Paris had called Arnold “Papa” the first time they met. Darline had arranged for them to have a meal together after hours at the restaurant where she worked. Paris had said nothing during the meal, but, as Arnold was leaving, he asked, “Are you my papa?”
“I could be,” Arnold said.
Darline smiled, and Paris jumped into his arms. Both seemed to take his answer as a gift he was offering. Suddenly his life meant something. He became a father.
In Paris’s classroom, Arnold crouched down next to the boy, in the narrow space between the bookshelves. He tried to wrap his arms around Paris but could no more feel the boy’s body than the boy could feel his.
He moved his head close to Paris’s and pressed his mouth against the boy’s right ear and shouted so that he might possibly be heard: “Paris, my son, one day you will go to the other Paris.
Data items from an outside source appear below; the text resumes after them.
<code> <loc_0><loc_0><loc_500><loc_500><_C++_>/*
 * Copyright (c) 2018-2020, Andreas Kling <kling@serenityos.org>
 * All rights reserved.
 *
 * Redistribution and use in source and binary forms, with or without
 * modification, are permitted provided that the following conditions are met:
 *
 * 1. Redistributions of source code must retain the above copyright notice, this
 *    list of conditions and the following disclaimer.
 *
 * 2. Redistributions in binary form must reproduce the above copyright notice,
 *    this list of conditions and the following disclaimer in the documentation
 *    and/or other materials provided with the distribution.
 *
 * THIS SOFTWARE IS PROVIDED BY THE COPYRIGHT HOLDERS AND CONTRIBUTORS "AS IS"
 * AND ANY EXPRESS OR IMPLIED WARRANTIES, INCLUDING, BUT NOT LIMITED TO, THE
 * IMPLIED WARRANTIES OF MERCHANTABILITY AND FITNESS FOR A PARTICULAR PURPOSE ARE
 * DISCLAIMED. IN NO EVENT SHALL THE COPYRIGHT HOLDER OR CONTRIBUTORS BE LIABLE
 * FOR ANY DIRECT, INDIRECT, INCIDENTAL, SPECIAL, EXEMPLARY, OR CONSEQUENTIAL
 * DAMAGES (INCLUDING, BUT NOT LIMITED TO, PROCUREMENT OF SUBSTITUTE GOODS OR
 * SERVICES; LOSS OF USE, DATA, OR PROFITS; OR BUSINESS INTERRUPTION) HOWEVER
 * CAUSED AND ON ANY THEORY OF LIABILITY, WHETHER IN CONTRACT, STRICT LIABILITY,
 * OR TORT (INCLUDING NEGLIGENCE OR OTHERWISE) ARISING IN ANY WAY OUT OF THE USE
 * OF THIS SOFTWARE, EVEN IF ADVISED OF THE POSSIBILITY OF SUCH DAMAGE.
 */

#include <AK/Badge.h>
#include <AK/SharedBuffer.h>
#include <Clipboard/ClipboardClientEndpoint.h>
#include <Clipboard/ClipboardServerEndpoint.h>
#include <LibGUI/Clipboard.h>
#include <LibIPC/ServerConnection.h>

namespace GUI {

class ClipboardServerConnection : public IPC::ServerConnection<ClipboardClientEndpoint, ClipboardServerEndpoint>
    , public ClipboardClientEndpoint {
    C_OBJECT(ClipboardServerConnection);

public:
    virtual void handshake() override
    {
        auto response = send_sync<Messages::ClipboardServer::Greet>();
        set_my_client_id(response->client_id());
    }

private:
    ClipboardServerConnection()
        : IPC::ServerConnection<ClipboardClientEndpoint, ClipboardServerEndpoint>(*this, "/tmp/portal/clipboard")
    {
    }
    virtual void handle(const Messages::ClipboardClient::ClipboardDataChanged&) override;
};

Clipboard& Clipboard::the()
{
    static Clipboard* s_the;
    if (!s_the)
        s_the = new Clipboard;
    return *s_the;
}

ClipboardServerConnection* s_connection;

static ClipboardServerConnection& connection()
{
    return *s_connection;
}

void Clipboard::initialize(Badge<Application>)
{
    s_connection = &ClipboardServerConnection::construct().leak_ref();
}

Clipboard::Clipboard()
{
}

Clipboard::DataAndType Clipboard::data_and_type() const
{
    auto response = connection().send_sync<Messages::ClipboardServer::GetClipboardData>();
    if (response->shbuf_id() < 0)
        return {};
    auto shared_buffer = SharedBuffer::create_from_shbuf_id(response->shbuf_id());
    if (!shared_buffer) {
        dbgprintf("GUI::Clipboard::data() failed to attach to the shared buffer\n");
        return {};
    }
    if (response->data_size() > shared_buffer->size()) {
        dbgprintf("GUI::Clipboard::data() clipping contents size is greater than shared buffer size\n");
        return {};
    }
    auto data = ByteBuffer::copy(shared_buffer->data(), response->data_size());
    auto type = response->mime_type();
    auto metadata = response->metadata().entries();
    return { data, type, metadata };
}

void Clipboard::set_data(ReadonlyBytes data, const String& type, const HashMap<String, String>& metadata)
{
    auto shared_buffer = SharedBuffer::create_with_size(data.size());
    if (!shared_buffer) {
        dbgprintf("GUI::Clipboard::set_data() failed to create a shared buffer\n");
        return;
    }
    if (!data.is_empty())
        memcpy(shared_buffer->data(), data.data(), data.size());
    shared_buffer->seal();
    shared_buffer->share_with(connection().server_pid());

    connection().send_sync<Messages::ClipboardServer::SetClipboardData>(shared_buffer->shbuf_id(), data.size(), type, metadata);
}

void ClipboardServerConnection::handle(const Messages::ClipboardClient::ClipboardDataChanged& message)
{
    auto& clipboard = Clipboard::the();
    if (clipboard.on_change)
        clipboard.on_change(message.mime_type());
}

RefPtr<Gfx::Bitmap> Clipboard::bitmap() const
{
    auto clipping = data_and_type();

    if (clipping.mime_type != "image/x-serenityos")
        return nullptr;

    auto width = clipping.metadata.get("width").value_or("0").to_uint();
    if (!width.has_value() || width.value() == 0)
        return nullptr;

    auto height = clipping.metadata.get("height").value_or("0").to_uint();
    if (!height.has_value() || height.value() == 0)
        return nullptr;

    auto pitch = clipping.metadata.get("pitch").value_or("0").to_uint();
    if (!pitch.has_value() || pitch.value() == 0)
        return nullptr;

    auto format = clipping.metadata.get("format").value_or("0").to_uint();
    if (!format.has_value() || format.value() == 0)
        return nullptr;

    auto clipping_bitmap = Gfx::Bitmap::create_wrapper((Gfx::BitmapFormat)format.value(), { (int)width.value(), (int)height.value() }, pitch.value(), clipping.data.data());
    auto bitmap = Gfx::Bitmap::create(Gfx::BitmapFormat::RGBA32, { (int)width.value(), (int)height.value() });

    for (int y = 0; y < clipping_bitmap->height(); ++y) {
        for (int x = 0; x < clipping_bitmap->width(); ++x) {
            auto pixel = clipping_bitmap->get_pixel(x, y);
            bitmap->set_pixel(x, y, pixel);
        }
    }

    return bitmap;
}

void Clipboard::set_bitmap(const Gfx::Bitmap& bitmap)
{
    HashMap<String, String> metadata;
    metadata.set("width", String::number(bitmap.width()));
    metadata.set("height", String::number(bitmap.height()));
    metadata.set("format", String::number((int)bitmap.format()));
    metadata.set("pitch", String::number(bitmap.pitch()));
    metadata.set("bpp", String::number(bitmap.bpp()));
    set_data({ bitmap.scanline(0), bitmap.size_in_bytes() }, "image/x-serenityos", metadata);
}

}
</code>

You will have a family and you will fly in a real airplane.
”
He looked for a sign that the boy had heard him or even felt his presence, but he saw none. Paris was now on his eighth paper boat. He was folding lengthwise, then at the corners. There was always a moment in their boat making when Arnold thought that Paris might be content to stop at what looked like a hat, but then he continued until a stern or a hull emerged.
“Goodbye, Paris,” he shouted into the boy’s ear. “Please love your mother forever.”
Then he smiled as the boy reached up and flicked the ear he was shouting into, as though something small, like a buzzing mosquito, had grazed him there.
Paris disappeared. Or maybe it was Arnold who’d disappeared.
He was back at the construction site. Not wounded but whole, just as he had been when he left home that morning. He was still wearing his bright orange overalls and matching hard hat. Was time playing with him, or was he playing with time? Was he skirting the yellow police tape in the present or in the past?
The site was closed down, and many of the men he worked with were milling around, leaning over the tape to better see the photographers who were taking pictures of the cement mixer. News trucks with extended antennas were lined up across the street, and reporters were interviewing some of his coworkers and a few passersby, many of whom claimed that they had seen him fall. His body had flailed wildly at first, they said, then plunged directly into the cement chute.
The construction company and the developer had already issued a statement, which was read by many of the reporters for their midday broadcasts: “We are deeply saddened by the tragic death of Ernesto Fernandez. We offer our condolences to his family, his friends, and his coworkers. We are working with state and federal investigators to find out how this unfortunate accident took place and to prevent further incidents of this nature in the future.”